So one way to do this with multivariate data in `brms`

is to convert it to “long format” (each dimension-value pair gets its own row). Than one can do “sort-of” multivariate model by having a varying intercept per each row in the original data. The model is not fully identified by default, but one can fix the `sd`

of the varying intercept to make it identifiable.

So assuming simulated data like:

```
rcumulative_logit <- function(N, mean, thresholds) {
raw <- rlogis(N) + mean
res <- rep(1, N)
for(t in thresholds) {
res <- res + (t < raw)
}
res
}
set.seed(58224522)
N_patients <- 7
simple_test <- data.frame(patient = factor(1:N_patients)) %>%
crossing(time_from_diagnosis = c(0, 3, 5)) %>%
mutate(q1 = rcumulative_logit(n(), rnorm(N_patients)[as.integer(patient)] + time_from_diagnosis * 0.5, thresholds = c(-1,-0.3,0,1)),
q2 = rcumulative_logit(n(), rnorm(N_patients, sd = 0.5)[as.integer(patient)] + time_from_diagnosis * 0.1, thresholds = c(-0.4,-0.1,0.5,1.5)),
q3 = rcumulative_logit(n(), rnorm(N_patients, sd = 2)[as.integer(patient)] + time_from_diagnosis * 0.3, thresholds = c(-2,-0.8,-0.2,1.1)),
obs_id = 1:n()
)
simple_test_long <- simple_test %>%
pivot_longer(starts_with("q"), names_to = "question", values_to = "answer")
```

`obs_id`

now binds all the response that were previously the same row.

The idea is that we add a varying intercept that corresponds to the correlated residuals, i.e. we add one parameter per observed answer as a varying intercept of the form `(0 + question | obs_id)`

where `obs_id`

uniquely identifies each row in the wide dataset. To keep the model identified, we fix the `sd`

of this varying intercept.

We then increase the `disc`

parameter of the `cumulative("logit")`

distribution (which I currently do by adding `disc ~ 1`

to the formula and setting a constant prior on this intercept. This is *almost* the same as using actual multivariate distribution, the difference is that the observation noise now has two components: one independent from the logistic distribution of `ordered_logistic`

(with roughly `sd = 1/disc`

) and one correlated from the varying intercept (where we set the `sd = 1`

). So as `disc -> inf`

we get a closer and closer approximation to multivariate probit, but also increase risk of computational issues. `disc = 10`

seems to work quite OK.

Note: it does not really matter which link we put in the `cumulative`

response (as we are trying to minimize it’s effect), but the `logit`

link is much more numerically stable than the `probit`

link, so we use it. Still, this is a `probit`

model, because the main noise component is normally distributed.

```
fit_thres_rescor_approx <- brm(bf(
answer | thres(gr = question) ~ time_from_diagnosis + (1 | patient) + (0 + question | obs_id), disc ~ 1, family = cumulative(link = "logit", link_disc = "identity")),
prior = c(
prior(constant(1), class = "sd", group = "obs_id"),
prior(student_t(3, 0, 5*2.5), class = "Intercept"),
prior(constant(10), class = "Intercept", dpar = "disc")
),
data = simple_test_long
)
```

I know this is not a very good approximation if you have many questions (roughly more than 5, but didn’t investigate thoroughly), still it models *some* correlation even in the higher-dimensional case.
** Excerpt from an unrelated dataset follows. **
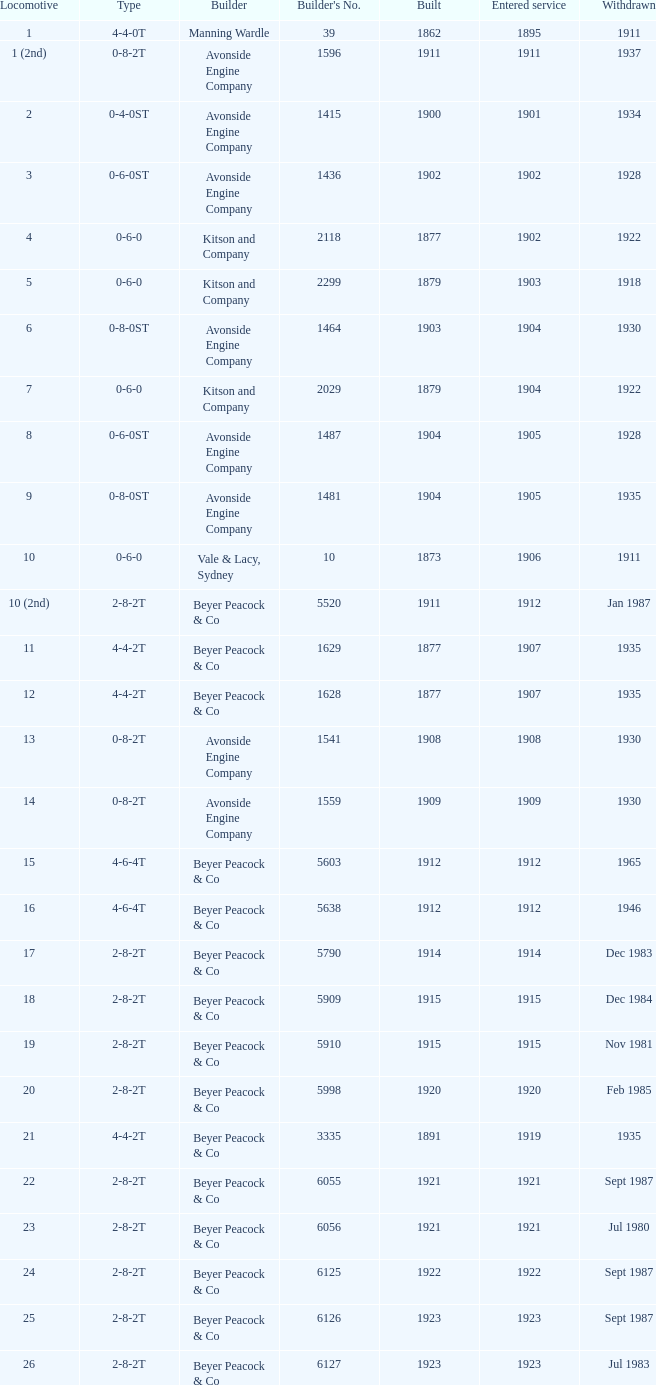Which locomotive had a 2-8-2t type, entered service year prior to 1915, and which was built after 1911? 17.0.

The model will also have trouble initializing properly for large data - reducing the `constant(10)`

makes it better behaved but also further from a pure multivariate probit. But is multivariate, ordinal, correlated, works with `brms`

out of the box and I verified it is a faithful approximation to multivariate probit for 3 questions.

For fitting, you simply drop the rows with missing question-answer pairs from the long dataset. To impute them, you predict for the whole dataset.

This code was developed and tested as a part of ongoing project with @jroon, so if you end up using it, some form of acknowledgement would be great :-) (I feel a bit shameful asking for this, but my employer is recently being a bit more inquisitive about my publication output).

You can hack `brms`

to work with latent variables - actually working on this in the project, but I don’t need to handle missing values which would complicate things another bit. However, it gets quite complex quite fast and requires you to be comfortable with both `brms`

internals and coding in Stan, so if the above version works well for you, I would stick with it.

I also took the liberty to move this to a new thread as I think it is getting far from the original question.